I am going to post up some basic data from my worksheets, writeups to follow later.

 

Te8AiCs.png

 

XM12 Donward Main Battle Tank

 

Crew: 4

Curb weight: 43.1 t

Gross weight: 45.3 t

 

Armament:

100x685R L/52 rifled gun firing APCBC, HE, and APCR

53 rounds capacity, +25/-10 elevation

20x140mm coaxial autocannon firing APHE, HEI, and APDS

7.62mm M240 coaxial machine gun

.50 caliber M2 machine gun

7.62mm coaxial machine gun

 

Hull armor:

Upper glacis - 4.4" at 28 degrees - 239mm LOS (slightly elliptical)

Lower glacis - 3" at 44.6 degrees - 108mm LOS

Side - 2" at 15 degrees, plus 1"side skirts - 78.4mm LOS (spaced)


Turret armor:

0 degree: 512mm at forehead, 240mm at nose, 186mm above ring

15 degrees: 502mm at forehead, 220mm at nose, 167mm above ring, 339mm sides

30 degrees: 358mm at forehead, 200mm at nose, 147mm above ring, 175mm sides

45 degrees: 262mm at forehead, 154mm at nose, 136mm above ring, 124mm sides

 

Powerplant:

750 hp air-cooled turbocharged V12 diesel, 29.4 L displacement, cross-drive transmission

16.6 hp/t

 

 

 

rbTZqRz.png

 

XM13E4 Sandy Airdroppable Reconnaissance Vehicle

 

Crew: 3

Curb weight: 12.9 t

Gross weight: 13.9 t

 

Armament:

85x640mmR rifled gun firing APCBC, HE, and APCR

34 rounds capacity, +25/-5 elevation

.50 caliber M2 machine gun

7.62mm coaxial machine gun

 

Hull armor:

Upper glacis - 20mm at 5 degrees, 35mm at 35 degrees (aluminum)

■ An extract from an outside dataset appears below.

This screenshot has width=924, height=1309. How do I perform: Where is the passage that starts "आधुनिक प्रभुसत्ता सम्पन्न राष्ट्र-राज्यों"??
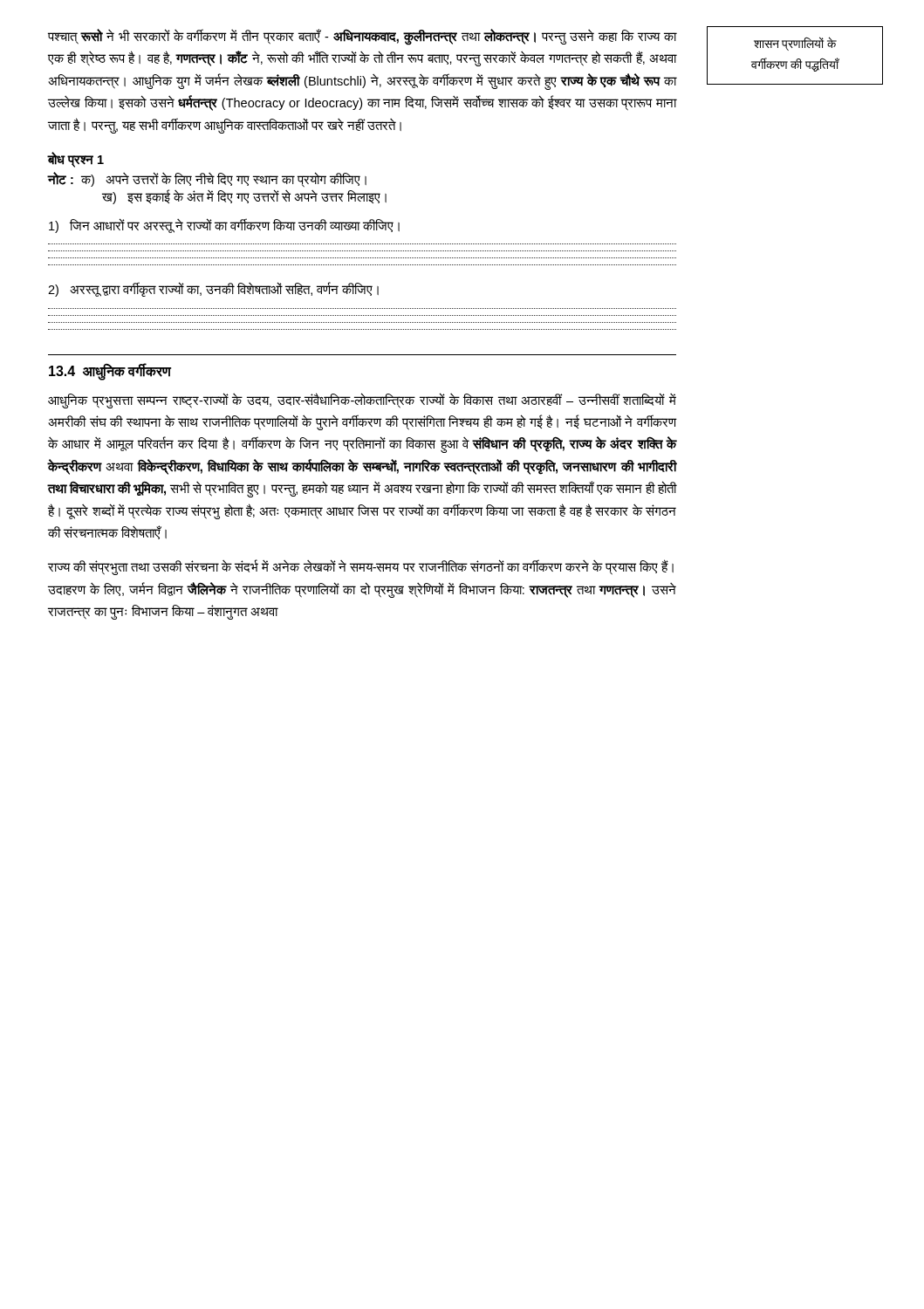point(362,467)
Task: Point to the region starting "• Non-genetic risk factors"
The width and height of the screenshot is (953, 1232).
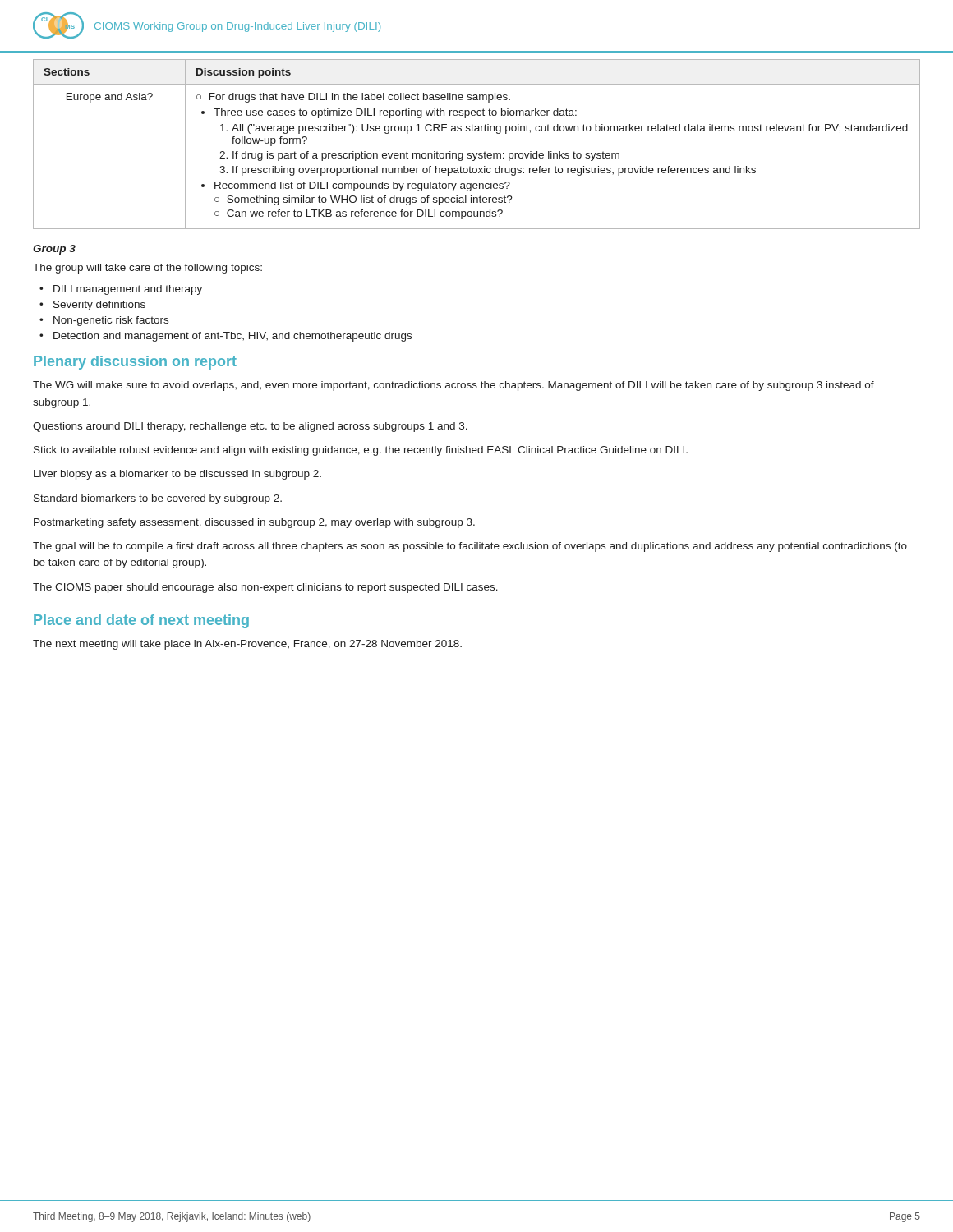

Lower glacis - 35mm at 33.5 degrees (aluminum

Side - 10mm all around (aluminum)

 

Turret armor

1" thick cupola walls (steel)

 

Powerplant:

305 hp turbocharged water-cooled V6 diesel, 7 L displacement, cross-drive hydrokinetic transmission

22.0 hp/t

 

 

 

M9zMa8I.png

 

XM13E6 Sandy Light Reconnaissance Vehicle

 

Crew: 4

Curb weight: 17.7 t

Gross weight: 18.6 t

 

Armament:

85x640mmR rifled gun firing APCBC, HE, and APCR

34 rounds capacity, +25/-10 elevation (-5 over tracks)

20x140mm coaxial autocannon firing APHE, HEI, and APDS

7.62mm M240 coaxial machine gun

.50 caliber M2 machine gun

7.62mm coaxial machine gun

 

Hull armor:

Upper glacis - 20mm at 5 degrees, 35mm at 35 degrees (aluminum)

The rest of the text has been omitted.